By   /   22 aprile 2011  /   Commenti disabilitati su Valeria Bartolini: un’artista che gioca “sopralelinee” della sua vita

Valeria Bartolini parla di sé anche quando non lo fa e ci riesce perfettamente con la sua arte, i suoi colori, i suoi quadri. Guardare lei, il suo corpo aggraziato, permeato di un romanticismo consapevole e  profondo, è come guardare ciò che dipinge. O il contrario.

Istintivamente immagini le sue mani muoversi su quella tela in maniera delicata e decisa. I suoi colori, quelli che lei usa, sembrano parte del suo incarnato. Lei è sempre in ciò che dipinge, dentro ogni suo quadro, sopra le linee che ne definiscono i tratti portanti.

Un percorso artistico, il suo, che parte da una attenta ricerca, più probabilmente da una acuta osservazione della natura umana – e non solo – per soffermarsi nelle pieghe della vita, del quotidiano, di quella vita che ci si srotola davanti ogni giorno, gradualmente, inesorabilmente.

Ed è con la china che pare che l’artista si accomodi al centro esatto della scena, sulle linee tra psiche e corpo, tra la sua psicologia e la natura, dentro e  fuori lei. La china attraverso cui delinea le curve di quegli alberi che sono al tempo stesso sublimazione della natura e contrasti della vita. Alberi che attraverso immagini di luce ed ombre giocano a rappresentare il principio, la nascita o forse la continua rinascita: appunto, la vita, la sua vita.

Linee nere di china, nette o morbide, che contrastano coi colori della vita. Scuri quando raccontano l’oscurità di una foresta, il buio della notte di una città, quando ancora pare lontano il chiarore del giorno.

Poi l’esplosione di colori, con la loro forza, pervadono la natura, la terra, gli alberi. Colori che la rendono viva, vivace, fertile.

E Valeria lascia al visitatore la scoperta del perché dell’utilizzo di ciascuno dei colori che usa, consentendo alla fantasia di spaziare fino a trovare il significato nascosto di quei suoi turbamenti, le sue sensazione e i relativi movimenti che delineano, attraverso la china nera, l’animo umano.
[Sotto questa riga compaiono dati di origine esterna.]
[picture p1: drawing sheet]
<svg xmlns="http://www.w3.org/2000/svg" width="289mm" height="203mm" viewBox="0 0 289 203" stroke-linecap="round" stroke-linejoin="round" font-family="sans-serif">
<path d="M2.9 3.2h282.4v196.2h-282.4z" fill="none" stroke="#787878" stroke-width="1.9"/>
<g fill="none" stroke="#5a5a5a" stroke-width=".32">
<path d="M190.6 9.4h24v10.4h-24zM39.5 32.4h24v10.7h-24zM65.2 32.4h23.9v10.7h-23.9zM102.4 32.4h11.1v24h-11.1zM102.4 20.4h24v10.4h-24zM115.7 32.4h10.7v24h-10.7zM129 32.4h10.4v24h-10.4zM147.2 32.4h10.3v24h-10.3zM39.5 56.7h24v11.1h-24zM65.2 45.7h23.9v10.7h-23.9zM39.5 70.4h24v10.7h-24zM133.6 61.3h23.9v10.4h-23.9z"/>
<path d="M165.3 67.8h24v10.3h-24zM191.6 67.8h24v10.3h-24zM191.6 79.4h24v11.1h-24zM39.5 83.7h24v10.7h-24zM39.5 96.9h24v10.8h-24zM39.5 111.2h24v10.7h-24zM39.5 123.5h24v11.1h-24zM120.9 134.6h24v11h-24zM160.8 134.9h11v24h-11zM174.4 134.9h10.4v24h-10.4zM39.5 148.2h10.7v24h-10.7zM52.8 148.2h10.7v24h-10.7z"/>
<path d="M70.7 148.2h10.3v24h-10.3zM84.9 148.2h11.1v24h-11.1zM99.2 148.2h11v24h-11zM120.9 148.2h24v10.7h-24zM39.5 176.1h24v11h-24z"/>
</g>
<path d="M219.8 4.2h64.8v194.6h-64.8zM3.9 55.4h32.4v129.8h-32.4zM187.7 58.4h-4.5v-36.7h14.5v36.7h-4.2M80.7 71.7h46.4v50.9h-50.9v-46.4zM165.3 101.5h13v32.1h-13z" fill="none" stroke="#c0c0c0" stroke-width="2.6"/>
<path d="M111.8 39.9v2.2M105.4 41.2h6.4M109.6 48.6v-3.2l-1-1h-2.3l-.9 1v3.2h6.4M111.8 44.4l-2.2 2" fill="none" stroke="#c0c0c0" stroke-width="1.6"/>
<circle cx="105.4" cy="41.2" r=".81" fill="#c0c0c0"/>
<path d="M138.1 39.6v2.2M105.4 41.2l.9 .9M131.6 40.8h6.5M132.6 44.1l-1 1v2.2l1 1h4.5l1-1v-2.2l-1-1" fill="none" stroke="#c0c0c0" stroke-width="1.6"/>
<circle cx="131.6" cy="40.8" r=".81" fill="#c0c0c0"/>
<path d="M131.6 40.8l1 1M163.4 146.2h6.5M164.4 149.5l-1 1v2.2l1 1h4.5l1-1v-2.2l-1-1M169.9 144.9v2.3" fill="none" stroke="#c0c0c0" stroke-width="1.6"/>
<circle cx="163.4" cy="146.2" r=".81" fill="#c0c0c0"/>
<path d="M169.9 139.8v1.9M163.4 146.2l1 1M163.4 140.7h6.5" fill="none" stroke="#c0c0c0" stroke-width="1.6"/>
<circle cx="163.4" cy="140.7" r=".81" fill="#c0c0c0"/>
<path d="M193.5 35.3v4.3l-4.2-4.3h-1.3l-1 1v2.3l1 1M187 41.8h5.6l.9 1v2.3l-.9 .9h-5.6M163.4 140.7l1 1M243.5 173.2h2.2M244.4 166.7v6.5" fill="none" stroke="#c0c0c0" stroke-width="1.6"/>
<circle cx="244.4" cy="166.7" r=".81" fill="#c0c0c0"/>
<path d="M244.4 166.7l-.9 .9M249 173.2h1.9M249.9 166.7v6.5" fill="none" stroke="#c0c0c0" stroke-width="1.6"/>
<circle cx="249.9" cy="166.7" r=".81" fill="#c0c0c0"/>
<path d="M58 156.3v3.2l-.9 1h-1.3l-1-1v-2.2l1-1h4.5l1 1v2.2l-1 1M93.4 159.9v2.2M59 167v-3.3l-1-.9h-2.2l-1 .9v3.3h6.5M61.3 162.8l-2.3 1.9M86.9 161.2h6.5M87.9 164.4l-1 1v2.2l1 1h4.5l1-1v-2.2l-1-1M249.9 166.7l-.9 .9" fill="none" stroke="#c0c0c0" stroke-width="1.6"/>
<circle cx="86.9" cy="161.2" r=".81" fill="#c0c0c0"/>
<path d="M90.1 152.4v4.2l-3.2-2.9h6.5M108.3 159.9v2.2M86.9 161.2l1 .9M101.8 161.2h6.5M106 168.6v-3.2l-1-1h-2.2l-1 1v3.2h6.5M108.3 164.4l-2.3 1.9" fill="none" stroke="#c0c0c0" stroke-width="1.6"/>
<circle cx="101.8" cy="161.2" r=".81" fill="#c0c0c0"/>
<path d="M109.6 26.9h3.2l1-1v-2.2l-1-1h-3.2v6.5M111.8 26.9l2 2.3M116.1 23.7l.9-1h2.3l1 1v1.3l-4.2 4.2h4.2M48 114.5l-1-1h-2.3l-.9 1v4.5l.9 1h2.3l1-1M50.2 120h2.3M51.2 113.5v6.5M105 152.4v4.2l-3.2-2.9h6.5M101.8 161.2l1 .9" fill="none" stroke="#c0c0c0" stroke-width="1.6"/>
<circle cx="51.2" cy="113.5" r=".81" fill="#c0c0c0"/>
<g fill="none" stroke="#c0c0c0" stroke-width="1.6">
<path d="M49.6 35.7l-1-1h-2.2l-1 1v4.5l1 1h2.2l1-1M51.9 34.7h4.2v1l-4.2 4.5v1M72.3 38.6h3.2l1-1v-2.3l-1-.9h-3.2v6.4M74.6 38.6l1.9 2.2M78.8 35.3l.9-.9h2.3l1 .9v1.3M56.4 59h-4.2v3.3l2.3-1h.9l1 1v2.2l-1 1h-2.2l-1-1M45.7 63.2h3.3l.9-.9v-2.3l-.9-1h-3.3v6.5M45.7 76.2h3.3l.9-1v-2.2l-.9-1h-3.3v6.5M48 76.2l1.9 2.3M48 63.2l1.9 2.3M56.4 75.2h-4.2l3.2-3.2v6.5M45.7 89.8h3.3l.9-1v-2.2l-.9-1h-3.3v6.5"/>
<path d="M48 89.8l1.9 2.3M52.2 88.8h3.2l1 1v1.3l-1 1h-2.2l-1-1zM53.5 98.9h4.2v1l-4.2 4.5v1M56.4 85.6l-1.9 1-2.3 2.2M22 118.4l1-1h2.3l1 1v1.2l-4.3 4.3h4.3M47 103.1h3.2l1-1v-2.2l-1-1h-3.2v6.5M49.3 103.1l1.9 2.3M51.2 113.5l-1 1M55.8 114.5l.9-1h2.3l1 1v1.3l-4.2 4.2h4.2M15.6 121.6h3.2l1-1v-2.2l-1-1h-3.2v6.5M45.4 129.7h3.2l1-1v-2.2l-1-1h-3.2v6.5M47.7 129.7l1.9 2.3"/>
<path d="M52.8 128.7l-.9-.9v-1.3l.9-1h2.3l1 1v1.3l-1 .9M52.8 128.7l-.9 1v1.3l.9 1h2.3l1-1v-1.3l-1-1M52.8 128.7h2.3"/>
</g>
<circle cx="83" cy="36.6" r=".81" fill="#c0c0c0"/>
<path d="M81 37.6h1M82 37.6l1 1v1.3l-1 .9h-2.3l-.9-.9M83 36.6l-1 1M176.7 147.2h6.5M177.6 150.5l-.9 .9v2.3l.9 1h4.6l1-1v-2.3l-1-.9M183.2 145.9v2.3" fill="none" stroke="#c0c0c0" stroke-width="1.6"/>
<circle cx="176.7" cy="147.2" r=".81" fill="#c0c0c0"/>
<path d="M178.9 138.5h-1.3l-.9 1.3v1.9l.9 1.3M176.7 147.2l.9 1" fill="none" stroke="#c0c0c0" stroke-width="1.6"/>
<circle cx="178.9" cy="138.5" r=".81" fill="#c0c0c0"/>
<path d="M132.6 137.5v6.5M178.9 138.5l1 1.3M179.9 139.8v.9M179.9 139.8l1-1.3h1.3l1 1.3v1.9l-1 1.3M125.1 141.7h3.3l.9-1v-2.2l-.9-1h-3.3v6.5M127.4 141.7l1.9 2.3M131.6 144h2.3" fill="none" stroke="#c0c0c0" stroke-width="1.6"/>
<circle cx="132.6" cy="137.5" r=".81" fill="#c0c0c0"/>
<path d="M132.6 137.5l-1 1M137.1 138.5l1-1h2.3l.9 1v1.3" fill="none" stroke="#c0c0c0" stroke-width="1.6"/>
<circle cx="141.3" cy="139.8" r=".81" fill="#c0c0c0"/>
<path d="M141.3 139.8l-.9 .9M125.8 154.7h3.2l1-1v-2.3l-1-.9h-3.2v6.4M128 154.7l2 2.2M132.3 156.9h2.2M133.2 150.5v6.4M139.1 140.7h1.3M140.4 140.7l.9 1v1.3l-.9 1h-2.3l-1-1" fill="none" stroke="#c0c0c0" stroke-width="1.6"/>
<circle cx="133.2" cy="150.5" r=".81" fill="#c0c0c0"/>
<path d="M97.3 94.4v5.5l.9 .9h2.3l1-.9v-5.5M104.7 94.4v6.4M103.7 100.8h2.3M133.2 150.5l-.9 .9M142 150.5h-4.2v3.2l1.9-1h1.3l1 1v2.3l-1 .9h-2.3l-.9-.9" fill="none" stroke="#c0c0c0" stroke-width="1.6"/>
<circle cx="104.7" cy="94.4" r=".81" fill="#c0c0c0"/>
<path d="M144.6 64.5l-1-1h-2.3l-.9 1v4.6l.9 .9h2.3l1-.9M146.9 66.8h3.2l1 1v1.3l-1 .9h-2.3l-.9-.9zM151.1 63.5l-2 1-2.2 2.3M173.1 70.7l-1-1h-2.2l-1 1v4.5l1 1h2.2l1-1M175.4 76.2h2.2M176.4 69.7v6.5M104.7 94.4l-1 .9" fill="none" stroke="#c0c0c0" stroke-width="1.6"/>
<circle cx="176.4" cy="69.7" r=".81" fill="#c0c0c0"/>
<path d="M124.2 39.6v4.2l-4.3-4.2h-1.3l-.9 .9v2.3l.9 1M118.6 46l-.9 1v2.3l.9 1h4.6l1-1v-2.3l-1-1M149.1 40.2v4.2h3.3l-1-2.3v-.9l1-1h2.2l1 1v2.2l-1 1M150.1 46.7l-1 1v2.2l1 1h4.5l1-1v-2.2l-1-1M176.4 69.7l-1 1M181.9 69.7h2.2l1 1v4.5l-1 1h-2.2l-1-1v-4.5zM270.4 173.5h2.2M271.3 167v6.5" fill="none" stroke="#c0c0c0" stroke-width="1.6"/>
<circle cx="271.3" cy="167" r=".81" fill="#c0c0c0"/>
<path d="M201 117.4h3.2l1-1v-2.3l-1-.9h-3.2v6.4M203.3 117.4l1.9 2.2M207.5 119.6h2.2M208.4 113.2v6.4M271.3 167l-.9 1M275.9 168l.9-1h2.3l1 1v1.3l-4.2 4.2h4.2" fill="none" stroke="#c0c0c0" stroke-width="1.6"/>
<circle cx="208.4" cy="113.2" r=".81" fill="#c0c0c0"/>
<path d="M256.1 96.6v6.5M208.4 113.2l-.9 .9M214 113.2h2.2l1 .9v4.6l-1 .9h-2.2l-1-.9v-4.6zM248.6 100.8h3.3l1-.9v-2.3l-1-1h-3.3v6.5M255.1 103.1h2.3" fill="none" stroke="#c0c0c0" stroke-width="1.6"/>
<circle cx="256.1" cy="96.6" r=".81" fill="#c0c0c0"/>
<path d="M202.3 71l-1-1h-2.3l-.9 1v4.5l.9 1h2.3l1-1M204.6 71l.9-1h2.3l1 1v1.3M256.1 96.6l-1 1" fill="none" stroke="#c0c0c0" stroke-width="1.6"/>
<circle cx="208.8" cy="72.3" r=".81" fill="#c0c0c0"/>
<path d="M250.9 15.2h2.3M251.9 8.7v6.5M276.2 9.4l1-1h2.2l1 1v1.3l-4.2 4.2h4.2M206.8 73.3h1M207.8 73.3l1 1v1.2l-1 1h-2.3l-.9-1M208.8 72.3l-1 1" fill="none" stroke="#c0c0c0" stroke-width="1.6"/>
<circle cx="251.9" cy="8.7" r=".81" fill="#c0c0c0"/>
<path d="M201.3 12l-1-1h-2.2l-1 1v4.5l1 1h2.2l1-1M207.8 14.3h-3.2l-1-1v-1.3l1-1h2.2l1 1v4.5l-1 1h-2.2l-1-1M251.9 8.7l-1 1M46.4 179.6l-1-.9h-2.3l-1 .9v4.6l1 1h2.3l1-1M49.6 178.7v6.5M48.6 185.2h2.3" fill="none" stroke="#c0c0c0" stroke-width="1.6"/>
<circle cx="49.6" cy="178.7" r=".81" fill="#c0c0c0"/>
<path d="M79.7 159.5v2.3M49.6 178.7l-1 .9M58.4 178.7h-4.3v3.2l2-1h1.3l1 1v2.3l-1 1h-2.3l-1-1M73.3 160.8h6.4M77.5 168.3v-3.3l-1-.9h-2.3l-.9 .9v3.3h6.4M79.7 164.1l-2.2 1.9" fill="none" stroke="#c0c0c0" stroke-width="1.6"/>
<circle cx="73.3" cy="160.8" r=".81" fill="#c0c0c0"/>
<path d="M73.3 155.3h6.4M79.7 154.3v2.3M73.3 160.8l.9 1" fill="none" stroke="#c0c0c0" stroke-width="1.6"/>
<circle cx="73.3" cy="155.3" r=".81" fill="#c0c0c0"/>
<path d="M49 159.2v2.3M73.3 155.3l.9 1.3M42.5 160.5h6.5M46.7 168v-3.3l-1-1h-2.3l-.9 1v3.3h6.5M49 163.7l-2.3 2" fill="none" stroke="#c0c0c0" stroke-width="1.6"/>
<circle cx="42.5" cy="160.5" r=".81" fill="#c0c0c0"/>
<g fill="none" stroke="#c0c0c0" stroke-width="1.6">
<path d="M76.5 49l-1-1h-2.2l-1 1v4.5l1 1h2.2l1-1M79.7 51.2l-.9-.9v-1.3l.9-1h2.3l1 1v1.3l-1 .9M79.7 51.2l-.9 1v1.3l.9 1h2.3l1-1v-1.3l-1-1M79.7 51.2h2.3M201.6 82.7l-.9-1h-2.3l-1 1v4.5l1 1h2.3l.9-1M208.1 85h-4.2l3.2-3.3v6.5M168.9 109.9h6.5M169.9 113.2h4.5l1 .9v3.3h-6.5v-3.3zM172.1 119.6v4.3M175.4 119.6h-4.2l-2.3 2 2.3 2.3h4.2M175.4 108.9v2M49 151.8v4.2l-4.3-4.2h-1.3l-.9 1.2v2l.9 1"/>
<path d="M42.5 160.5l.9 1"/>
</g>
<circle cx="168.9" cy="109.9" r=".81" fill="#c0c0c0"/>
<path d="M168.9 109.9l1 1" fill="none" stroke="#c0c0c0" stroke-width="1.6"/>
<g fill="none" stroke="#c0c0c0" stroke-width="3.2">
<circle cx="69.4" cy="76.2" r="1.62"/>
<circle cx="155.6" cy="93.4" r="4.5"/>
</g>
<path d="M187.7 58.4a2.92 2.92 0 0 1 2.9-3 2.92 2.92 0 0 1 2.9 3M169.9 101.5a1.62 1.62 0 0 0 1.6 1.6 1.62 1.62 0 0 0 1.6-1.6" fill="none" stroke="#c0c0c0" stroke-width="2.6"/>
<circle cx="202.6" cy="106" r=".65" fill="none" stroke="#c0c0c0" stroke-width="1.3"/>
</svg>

Linee per immaginare un mondo che si svolge, e si manifesta, dentro una progressione cromatica: quelle linee che rappresentano “l’evidente segno-base di un mondo” che solo attraverso esse trova e sublima la sua realizzazione, la sua stessa esistenza.

Il suo racconto di vita non si esaurisce, ma continua attraverso i ritratti che troviamo in forma fumettistica: la “sua” donna picassiana, che guarda al mondo con un’aria dolce e consapevole, una donna che si evolve, che si spende, che si dona, certa di raggiungere la sua meta.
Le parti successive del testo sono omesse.